In my world, if you don't know whether an index is likely to be used, it indicates a lack of understanding of what your users are likely to be doing, and/or the nature of the data set. Yes, there are marginal use-cases, but overall, you should understand what most of your users/consumers are doing and optimise accordingly.
In my experience the execution order isn’t obvious to most sql users. You’ll find a lot of people using sql who don't understand why something from SELECT can be used in ORDER BY but not WHERE or HAVING for example. It takes a slightly more advanced SQL understanding to be able to explain these kinds of errors in thinking. Thats why a good ORM can often be the best choice for users.
In Google Bigquery you can use them in GROUP BY and ORDER BY but in Hive you can only use them in ORDER BY.
As far as I know the standard only defines that you cannot use column aliases in the WHERE clause. I'm sure someone else can chime in with what the standard says about column aliases in ORDER BY, GROUP BY and HAVING.
Actually I've got bad news. The where clause should be run before the select but for reasons of, I guess cheating at the benchmarks, oracle doesn't do that and MSSQL followed that.
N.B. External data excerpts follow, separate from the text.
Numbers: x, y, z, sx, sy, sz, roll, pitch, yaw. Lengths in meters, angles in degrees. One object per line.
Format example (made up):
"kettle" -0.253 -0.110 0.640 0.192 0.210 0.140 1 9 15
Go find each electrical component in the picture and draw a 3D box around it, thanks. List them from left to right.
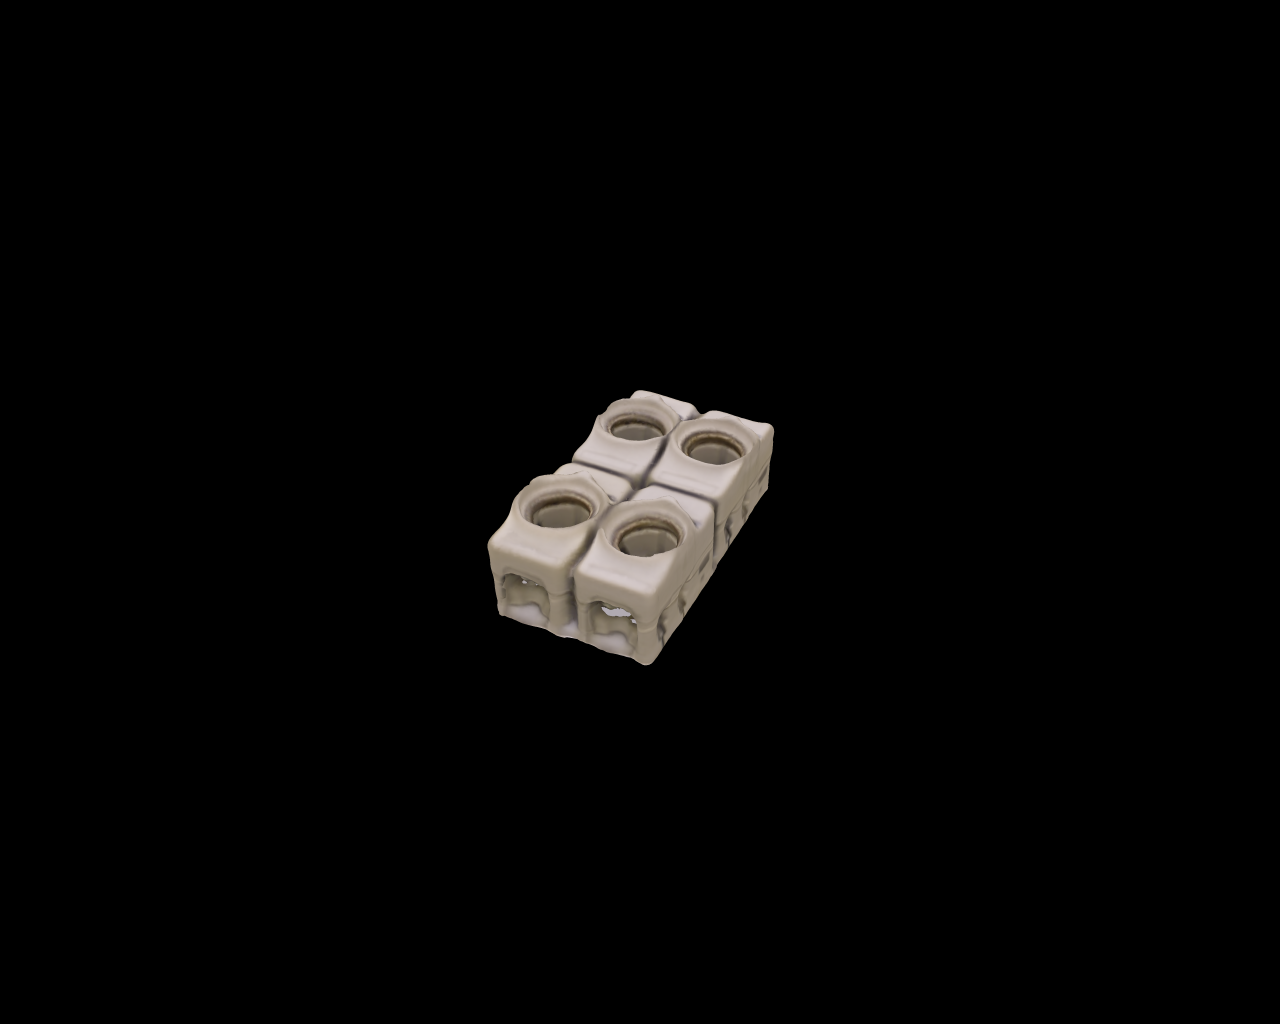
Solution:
"electrical component" 0.001 -0.003 0.650 0.105 0.060 0.186 17 42 21
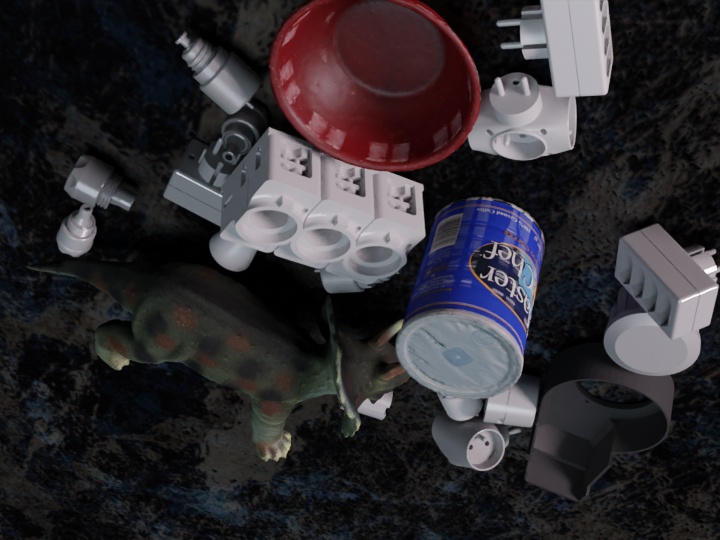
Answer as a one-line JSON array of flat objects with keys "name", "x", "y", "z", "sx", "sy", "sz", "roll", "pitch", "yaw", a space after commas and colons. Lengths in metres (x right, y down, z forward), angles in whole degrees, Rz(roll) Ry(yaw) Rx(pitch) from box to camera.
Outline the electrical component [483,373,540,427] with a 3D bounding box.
[{"name": "electrical component", "x": 0.148, "y": 0.125, "z": 1.052, "sx": 0.047, "sy": 0.055, "sz": 0.055, "roll": 10, "pitch": 137, "yaw": 5}]

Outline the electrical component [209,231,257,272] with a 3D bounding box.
[{"name": "electrical component", "x": -0.105, "y": -0.034, "z": 0.991, "sx": 0.044, "sy": 0.044, "sz": 0.065, "roll": 34, "pitch": 131, "yaw": -15}]

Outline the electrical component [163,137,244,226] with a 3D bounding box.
[{"name": "electrical component", "x": -0.124, "y": -0.086, "z": 0.938, "sx": 0.066, "sy": 0.047, "sz": 0.076, "roll": 28, "pitch": 137, "yaw": -8}]

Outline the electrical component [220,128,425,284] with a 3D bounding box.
[{"name": "electrical component", "x": -0.031, "y": -0.046, "z": 0.900, "sx": 0.150, "sy": 0.061, "sz": 0.089, "roll": 18, "pitch": 141, "yaw": -27}]

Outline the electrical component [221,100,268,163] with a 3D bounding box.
[{"name": "electrical component", "x": -0.099, "y": -0.112, "z": 0.891, "sx": 0.035, "sy": 0.061, "sz": 0.035, "roll": 10, "pitch": 136, "yaw": 9}]

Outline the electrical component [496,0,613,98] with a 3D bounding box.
[{"name": "electrical component", "x": 0.135, "y": -0.168, "z": 0.757, "sx": 0.076, "sy": 0.047, "sz": 0.083, "roll": 0, "pitch": 134, "yaw": 20}]

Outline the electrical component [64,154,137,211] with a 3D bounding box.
[{"name": "electrical component", "x": -0.238, "y": -0.076, "z": 0.994, "sx": 0.062, "sy": 0.043, "sz": 0.043, "roll": 28, "pitch": 137, "yaw": -11}]

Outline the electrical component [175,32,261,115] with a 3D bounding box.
[{"name": "electrical component", "x": -0.115, "y": -0.160, "z": 0.863, "sx": 0.078, "sy": 0.040, "sz": 0.040, "roll": 41, "pitch": 133, "yaw": -22}]

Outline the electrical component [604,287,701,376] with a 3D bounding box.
[{"name": "electrical component", "x": 0.255, "y": 0.050, "z": 0.936, "sx": 0.080, "sy": 0.051, "sz": 0.080, "roll": 11, "pitch": 137, "yaw": 10}]

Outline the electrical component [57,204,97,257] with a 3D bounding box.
[{"name": "electrical component", "x": -0.274, "y": -0.042, "z": 1.050, "sx": 0.035, "sy": 0.035, "sz": 0.061, "roll": 28, "pitch": 135, "yaw": -8}]

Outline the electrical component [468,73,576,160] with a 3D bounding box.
[{"name": "electrical component", "x": 0.119, "y": -0.120, "z": 0.805, "sx": 0.077, "sy": 0.044, "sz": 0.079, "roll": 2, "pitch": 156, "yaw": 19}]

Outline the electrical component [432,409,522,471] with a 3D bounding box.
[{"name": "electrical component", "x": 0.126, "y": 0.169, "z": 1.099, "sx": 0.079, "sy": 0.077, "sz": 0.044, "roll": -9, "pitch": 103, "yaw": -22}]

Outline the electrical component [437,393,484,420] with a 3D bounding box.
[{"name": "electrical component", "x": 0.095, "y": 0.115, "z": 1.070, "sx": 0.040, "sy": 0.040, "sz": 0.078, "roll": -6, "pitch": 132, "yaw": 26}]

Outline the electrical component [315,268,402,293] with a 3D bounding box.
[{"name": "electrical component", "x": 0.000, "y": 0.000, "z": 0.986, "sx": 0.078, "sy": 0.040, "sz": 0.040, "roll": -4, "pitch": 133, "yaw": 24}]

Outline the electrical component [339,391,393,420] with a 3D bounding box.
[{"name": "electrical component", "x": 0.007, "y": 0.133, "z": 1.123, "sx": 0.046, "sy": 0.040, "sz": 0.040, "roll": 21, "pitch": 138, "yaw": -10}]

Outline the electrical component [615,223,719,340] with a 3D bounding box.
[{"name": "electrical component", "x": 0.263, "y": 0.002, "z": 0.874, "sx": 0.076, "sy": 0.083, "sz": 0.047, "roll": -20, "pitch": 137, "yaw": -14}]
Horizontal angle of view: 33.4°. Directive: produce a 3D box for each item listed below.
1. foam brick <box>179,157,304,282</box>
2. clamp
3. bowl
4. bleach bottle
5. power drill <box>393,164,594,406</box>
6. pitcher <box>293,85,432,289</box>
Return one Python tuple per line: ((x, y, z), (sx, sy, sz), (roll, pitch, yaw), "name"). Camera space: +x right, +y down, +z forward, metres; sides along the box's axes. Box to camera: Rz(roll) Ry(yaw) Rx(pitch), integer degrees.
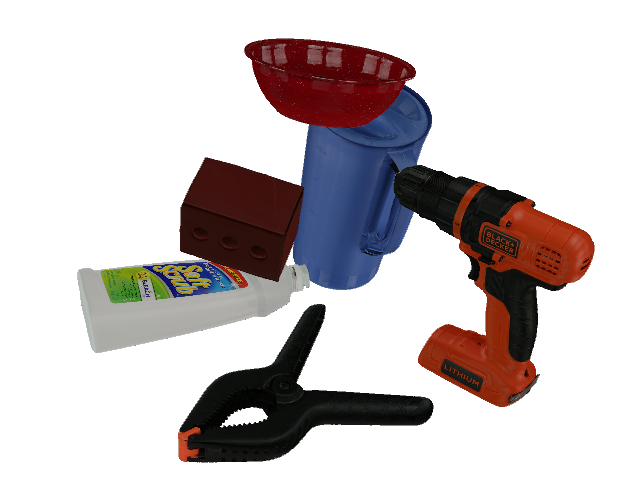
((-0.057, -0.015, 0.761), (0.078, 0.051, 0.053), (17, -39, 6), "foam brick")
((-0.021, 0.137, 0.894), (0.209, 0.036, 0.165), (-27, 45, -36), "clamp")
((0.006, -0.145, 1.001), (0.162, 0.055, 0.162), (7, 22, -3), "bowl")
((-0.138, 0.057, 1.194), (0.250, 0.068, 0.103), (-10, 36, -15), "bleach bottle")
((0.134, 0.039, 0.924), (0.185, 0.188, 0.057), (27, 40, 31), "power drill")
((0.041, -0.053, 1.217), (0.145, 0.243, 0.149), (19, 43, 7), "pitcher")
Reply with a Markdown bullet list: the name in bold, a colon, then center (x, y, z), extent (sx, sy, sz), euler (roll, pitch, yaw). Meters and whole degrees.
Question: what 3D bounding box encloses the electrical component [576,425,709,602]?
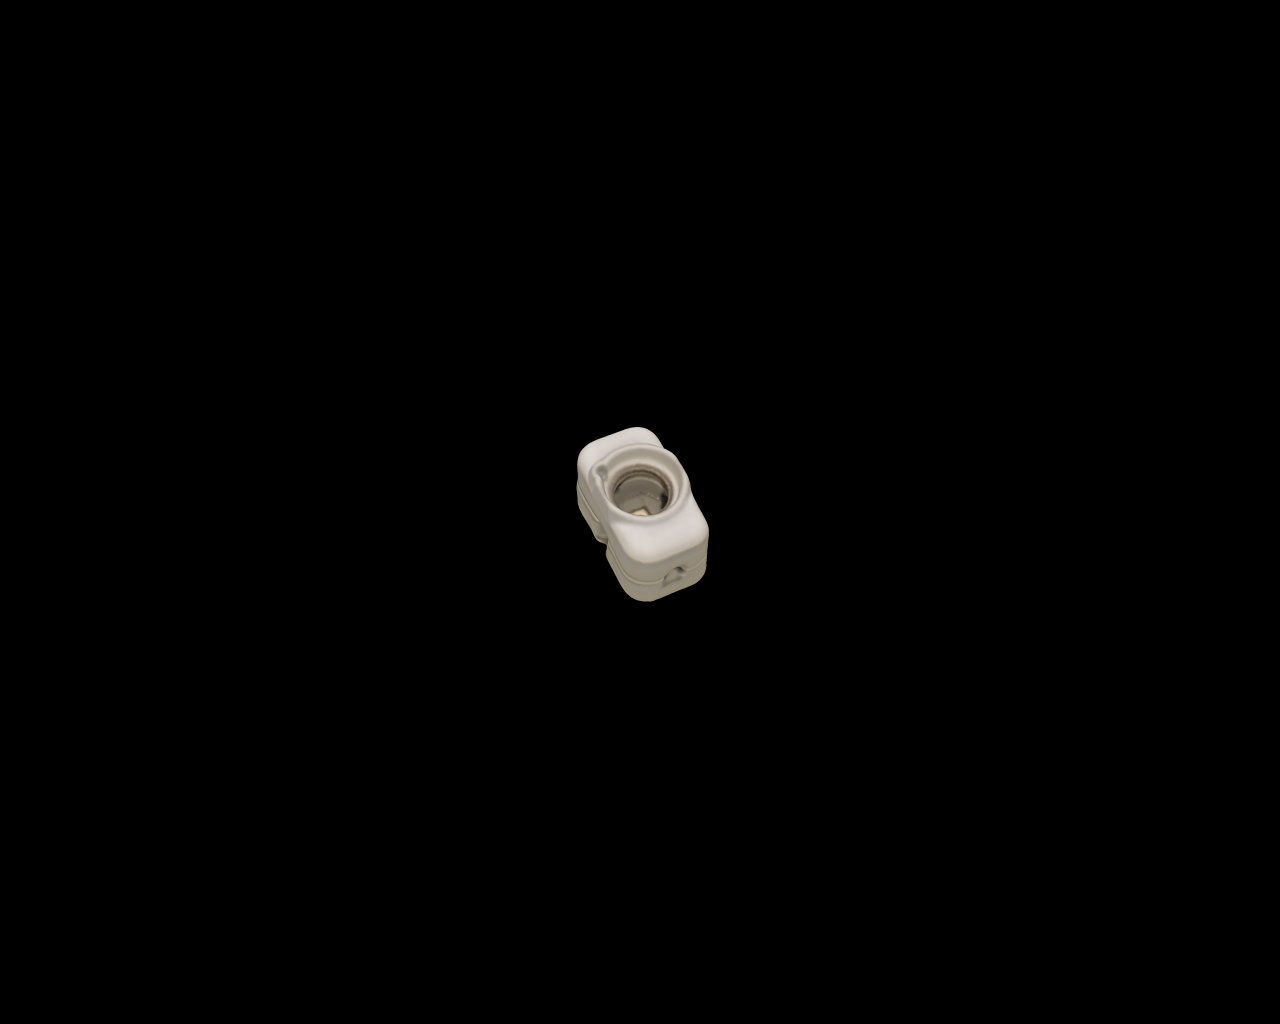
- **electrical component**: center (0.001, -0.003, 0.650), extent (0.054, 0.095, 0.059), euler (-21, -32, -14)

It is particulary nasty as it mostly works, so this (CTE to not clutter your schema)
with data as
(
select *
from
(
values(1), (2), (0), (4)
) as abc(d)
)
select 1 / d
from data
-- where d <> 0
gives divide by zero. If you uncomment the where it then seems to work correctly.
Well it doesn't. You cannot rely on this for MSSQL2005 or later. When the expressin grows more complex it blows up - I am saying this from losing days of work by finding out the hard way.
I'll repeat myself, the expressions in the select and that in the where can be evaluated in parallel. Thank you Microsoft.
Microsoft's solution to this is to expect the programmer to deal with it by skipping the evaluation of the expression
with data as
(
select *
from
(
values(1), (2), (0), (4)
) as abc(d)
)
select case when d <> 0 then 1 / d else null end
from data
where d <> 0;
The case prevents any possible division by zero.
I've had this behaviour confirmed by Microsoft, and the supposed fix was their solution.
Not coincidentally I'm looking at learning postgres. For this and other reasons I don't want to work with MSSQL any more.
I'm a bit of surprised by how shallow people's understanding of database is. Especially for someone have literally wrote thousands of sql queries. The query engine implementation is/should be covered by some extent in any of the database courses, thus I assume anyone with a CS degree shouldn't be surprised that a queries doesn't execute from SELECT(how's that even possible). Perhaps nowadays the major users of SQL don't really have a CS background.
We live in a large N-Dimensional world of knowledge. Everyone at some point is guaranteed to have missed something "they should know", both according to themselves and according to others.
Many times you encounter such knowledge when you are not ready for it, so you forget having encountered it. A good way to convince yourself of this is to start opening up some of your old college text books and look at the chapter introductions and conclusions. You will find some insights that you simply missed regardless of how you performed in the classes.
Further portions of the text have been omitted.